> Goal of the exercise:
Filter the entries for the word "Xoán". Copy each line in which it occurs.

> Material provided:
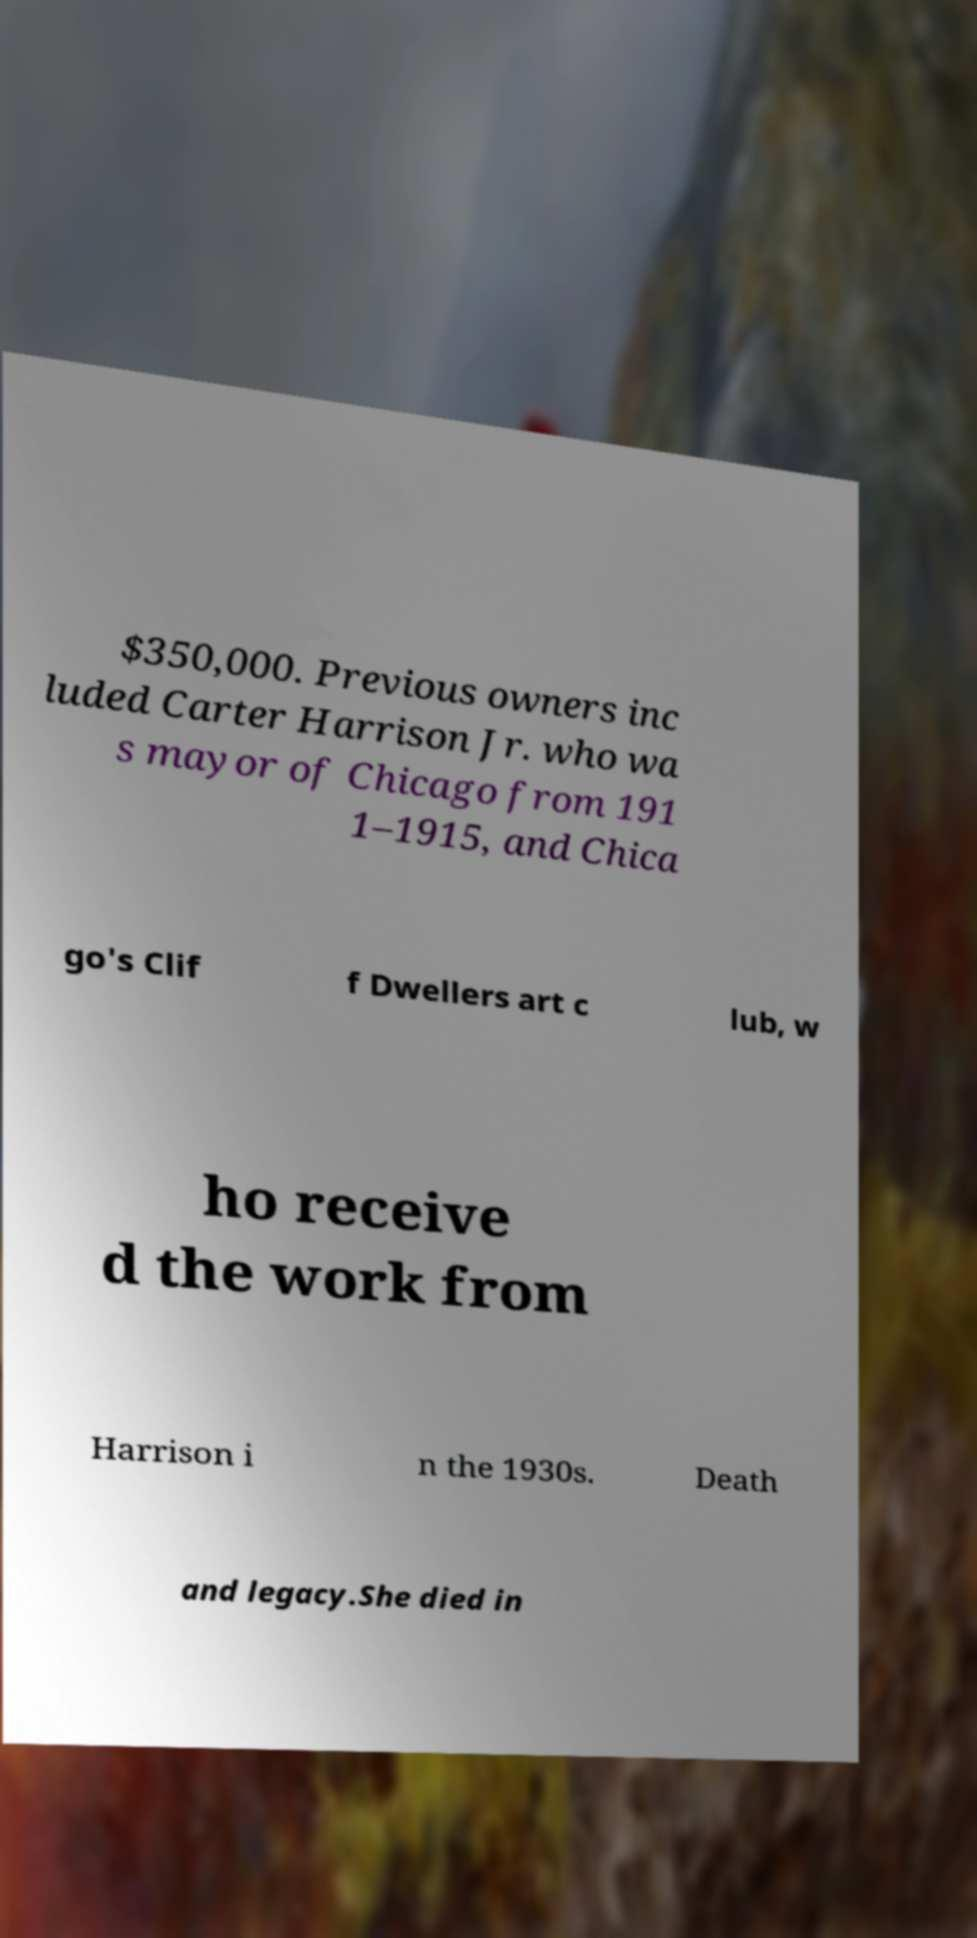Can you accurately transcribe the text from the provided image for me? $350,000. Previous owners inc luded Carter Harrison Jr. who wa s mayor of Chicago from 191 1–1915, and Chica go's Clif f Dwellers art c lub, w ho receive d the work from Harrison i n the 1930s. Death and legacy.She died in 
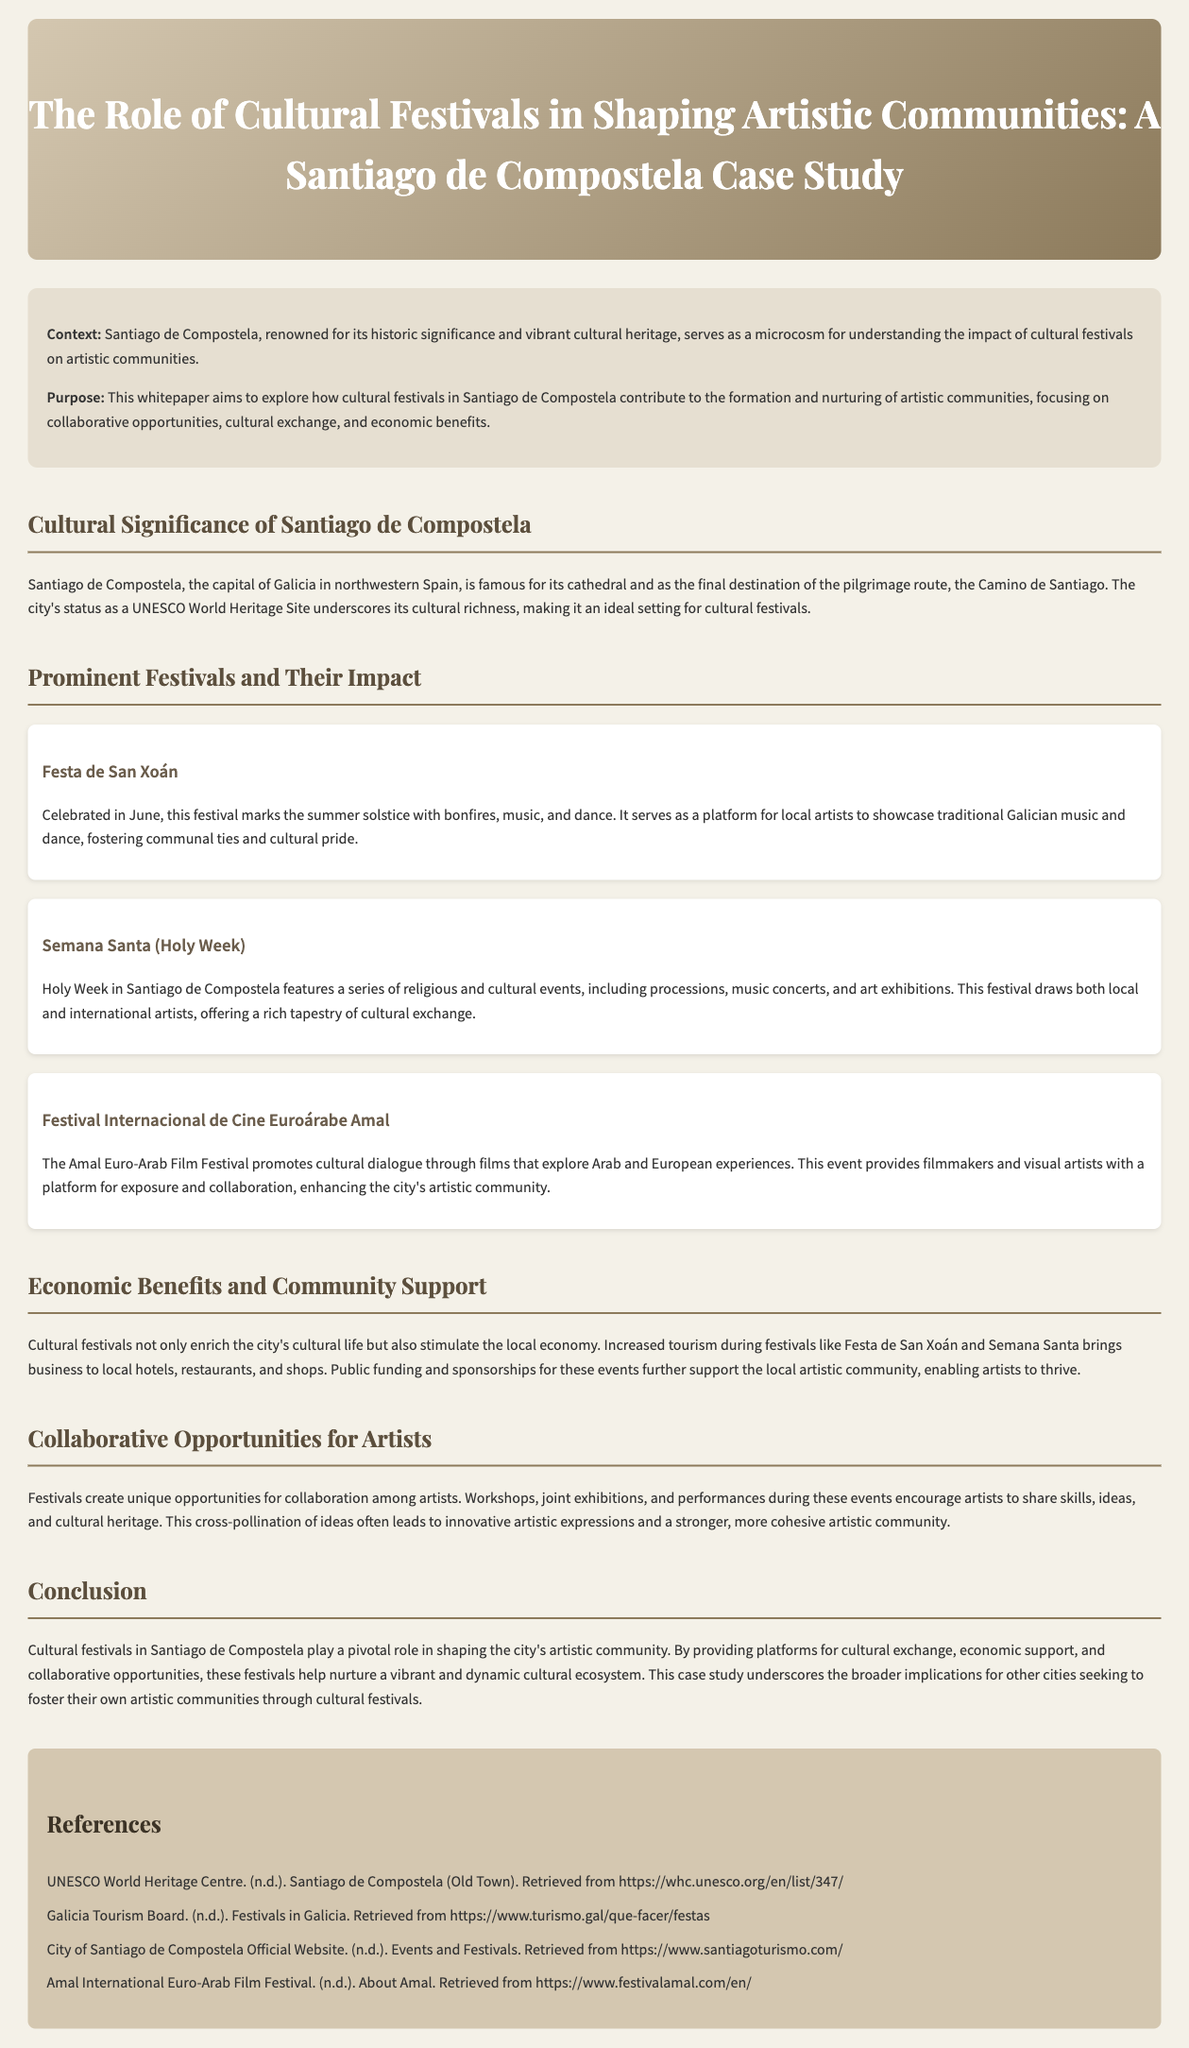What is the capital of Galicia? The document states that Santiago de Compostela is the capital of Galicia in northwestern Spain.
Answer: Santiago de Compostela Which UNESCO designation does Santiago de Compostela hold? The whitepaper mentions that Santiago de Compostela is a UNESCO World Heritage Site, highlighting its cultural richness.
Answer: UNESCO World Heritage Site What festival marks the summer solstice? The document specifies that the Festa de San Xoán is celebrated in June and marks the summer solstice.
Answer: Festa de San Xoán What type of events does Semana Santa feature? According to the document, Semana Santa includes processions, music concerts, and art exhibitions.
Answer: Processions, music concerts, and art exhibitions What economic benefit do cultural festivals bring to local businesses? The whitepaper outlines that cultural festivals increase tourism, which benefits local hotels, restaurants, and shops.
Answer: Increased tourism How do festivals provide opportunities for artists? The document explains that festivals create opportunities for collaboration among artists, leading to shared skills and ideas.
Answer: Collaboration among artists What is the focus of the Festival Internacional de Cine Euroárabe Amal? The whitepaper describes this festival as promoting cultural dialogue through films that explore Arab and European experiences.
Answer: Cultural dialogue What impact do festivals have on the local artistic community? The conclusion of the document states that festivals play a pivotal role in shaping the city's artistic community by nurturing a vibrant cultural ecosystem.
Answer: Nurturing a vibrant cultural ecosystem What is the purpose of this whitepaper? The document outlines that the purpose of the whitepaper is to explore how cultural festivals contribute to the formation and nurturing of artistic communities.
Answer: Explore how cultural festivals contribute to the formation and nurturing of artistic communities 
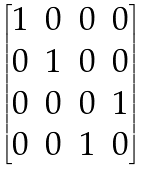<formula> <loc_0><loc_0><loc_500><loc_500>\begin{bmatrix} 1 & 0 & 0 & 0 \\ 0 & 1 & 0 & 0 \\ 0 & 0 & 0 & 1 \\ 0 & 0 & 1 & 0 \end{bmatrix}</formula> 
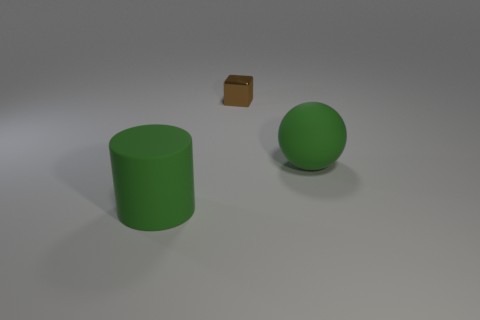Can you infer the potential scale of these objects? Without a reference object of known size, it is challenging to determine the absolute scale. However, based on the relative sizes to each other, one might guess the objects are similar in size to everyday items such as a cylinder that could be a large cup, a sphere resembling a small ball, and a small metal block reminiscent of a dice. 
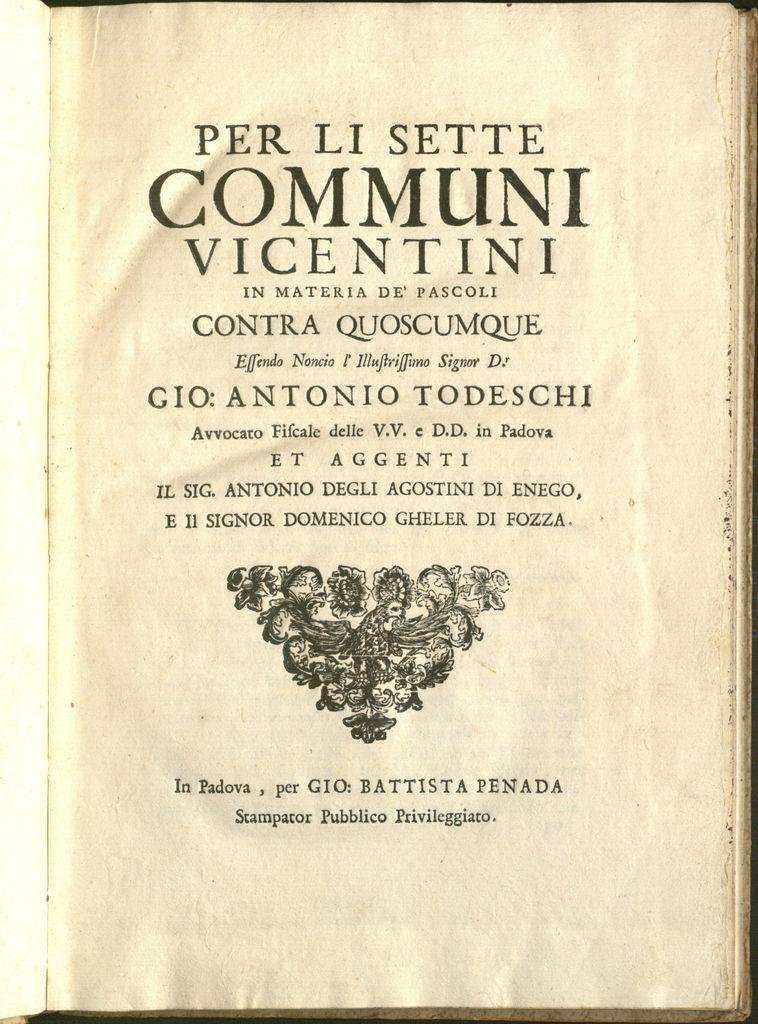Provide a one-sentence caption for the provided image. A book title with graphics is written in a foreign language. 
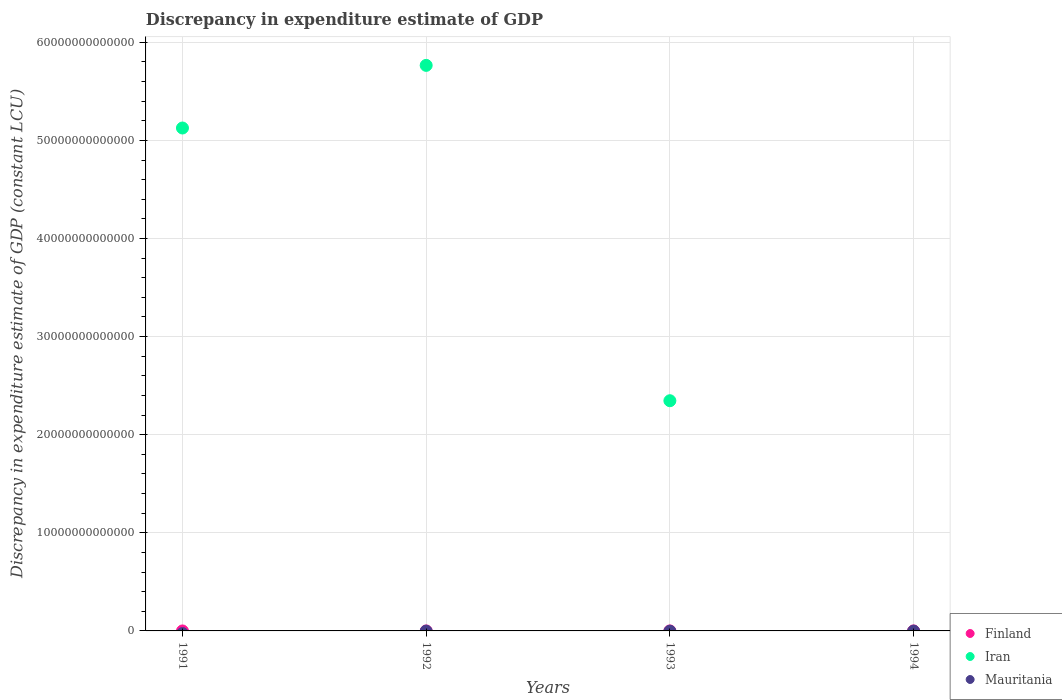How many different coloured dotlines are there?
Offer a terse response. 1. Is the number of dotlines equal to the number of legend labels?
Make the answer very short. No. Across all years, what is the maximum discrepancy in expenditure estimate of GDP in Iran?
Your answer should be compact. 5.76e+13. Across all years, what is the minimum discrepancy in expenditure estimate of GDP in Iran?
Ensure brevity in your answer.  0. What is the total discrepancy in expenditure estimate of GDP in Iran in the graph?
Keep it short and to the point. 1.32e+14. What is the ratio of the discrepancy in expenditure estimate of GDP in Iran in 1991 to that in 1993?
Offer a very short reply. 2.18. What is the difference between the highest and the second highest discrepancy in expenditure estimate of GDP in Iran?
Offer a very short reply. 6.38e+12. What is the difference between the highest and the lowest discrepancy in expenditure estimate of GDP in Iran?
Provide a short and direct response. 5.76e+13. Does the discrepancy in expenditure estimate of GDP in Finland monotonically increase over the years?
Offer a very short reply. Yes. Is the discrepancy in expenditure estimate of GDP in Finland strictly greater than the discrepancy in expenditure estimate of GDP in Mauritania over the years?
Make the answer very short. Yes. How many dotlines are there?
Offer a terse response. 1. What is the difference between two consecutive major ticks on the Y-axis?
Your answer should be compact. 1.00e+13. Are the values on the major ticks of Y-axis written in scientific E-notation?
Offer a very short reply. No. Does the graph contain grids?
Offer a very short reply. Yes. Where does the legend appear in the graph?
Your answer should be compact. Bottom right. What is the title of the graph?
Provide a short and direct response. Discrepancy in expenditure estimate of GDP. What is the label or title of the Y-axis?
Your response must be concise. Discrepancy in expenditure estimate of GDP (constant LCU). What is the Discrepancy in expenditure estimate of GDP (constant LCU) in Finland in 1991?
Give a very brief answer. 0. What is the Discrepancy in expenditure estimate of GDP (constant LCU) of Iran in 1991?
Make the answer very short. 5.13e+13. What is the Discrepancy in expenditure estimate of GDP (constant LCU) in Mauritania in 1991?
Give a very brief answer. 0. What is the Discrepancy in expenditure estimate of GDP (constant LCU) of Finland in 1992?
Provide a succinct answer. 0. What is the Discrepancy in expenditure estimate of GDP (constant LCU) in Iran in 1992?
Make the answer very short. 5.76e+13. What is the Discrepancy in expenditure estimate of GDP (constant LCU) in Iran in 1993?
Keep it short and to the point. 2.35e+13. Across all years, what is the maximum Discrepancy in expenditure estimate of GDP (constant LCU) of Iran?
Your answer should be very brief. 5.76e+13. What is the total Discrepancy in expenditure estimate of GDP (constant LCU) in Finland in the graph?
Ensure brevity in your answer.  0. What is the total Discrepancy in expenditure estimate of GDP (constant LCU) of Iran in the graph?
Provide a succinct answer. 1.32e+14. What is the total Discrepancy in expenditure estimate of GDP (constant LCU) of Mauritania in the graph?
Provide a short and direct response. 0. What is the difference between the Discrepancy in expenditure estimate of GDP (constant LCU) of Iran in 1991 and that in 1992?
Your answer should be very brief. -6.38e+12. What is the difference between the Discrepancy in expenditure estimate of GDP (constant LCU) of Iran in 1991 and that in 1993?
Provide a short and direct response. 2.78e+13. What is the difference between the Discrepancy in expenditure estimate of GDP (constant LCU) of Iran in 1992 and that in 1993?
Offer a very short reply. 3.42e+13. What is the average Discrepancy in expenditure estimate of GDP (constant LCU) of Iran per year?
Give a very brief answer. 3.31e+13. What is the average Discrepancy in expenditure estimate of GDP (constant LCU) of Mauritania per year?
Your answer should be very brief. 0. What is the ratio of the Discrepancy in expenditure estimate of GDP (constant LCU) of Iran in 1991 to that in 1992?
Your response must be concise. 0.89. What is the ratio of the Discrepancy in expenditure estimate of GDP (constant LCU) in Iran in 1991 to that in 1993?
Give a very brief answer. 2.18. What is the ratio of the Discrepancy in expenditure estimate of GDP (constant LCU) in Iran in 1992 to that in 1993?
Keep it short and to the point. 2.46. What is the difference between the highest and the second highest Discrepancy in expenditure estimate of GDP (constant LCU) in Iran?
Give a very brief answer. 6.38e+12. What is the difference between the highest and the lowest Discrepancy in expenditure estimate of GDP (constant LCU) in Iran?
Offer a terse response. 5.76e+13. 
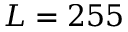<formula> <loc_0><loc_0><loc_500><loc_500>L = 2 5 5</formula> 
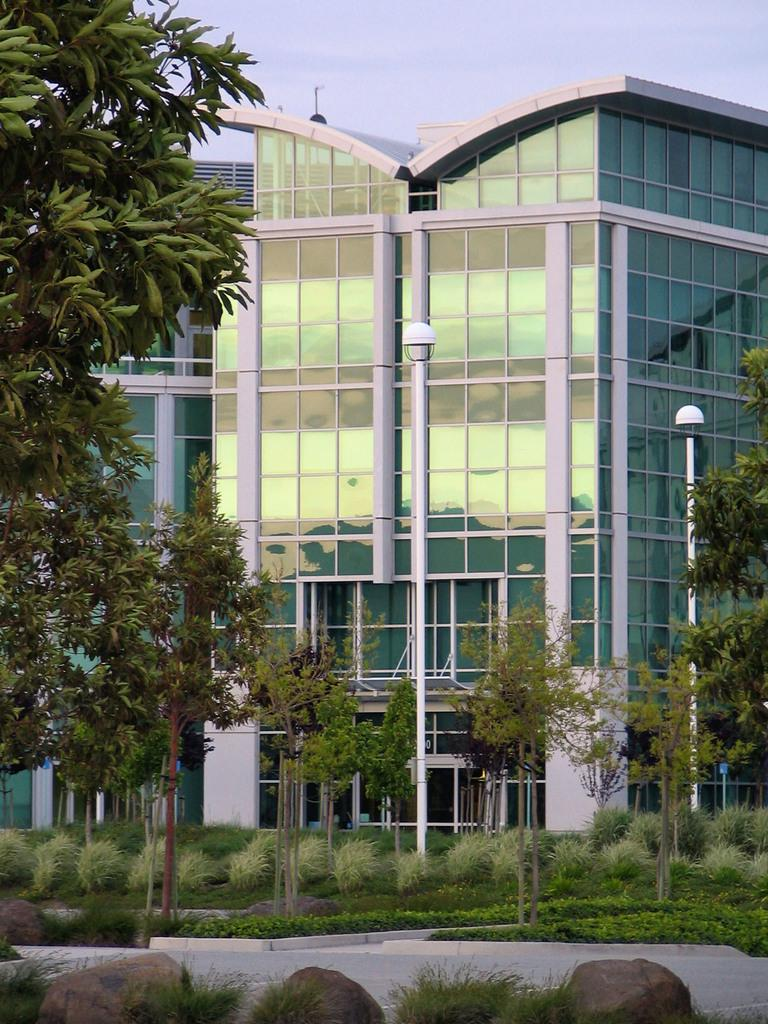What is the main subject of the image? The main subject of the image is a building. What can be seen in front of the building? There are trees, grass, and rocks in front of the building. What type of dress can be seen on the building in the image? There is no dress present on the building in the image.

> Output of the exercise:
Answer: UNESCO World Heritage Site What festival marks the summer solstice? The document specifies that the Festa de San Xoán is celebrated in June and marks the summer solstice.
Answer: Festa de San Xoán What type of events does Semana Santa feature? According to the document, Semana Santa includes processions, music concerts, and art exhibitions.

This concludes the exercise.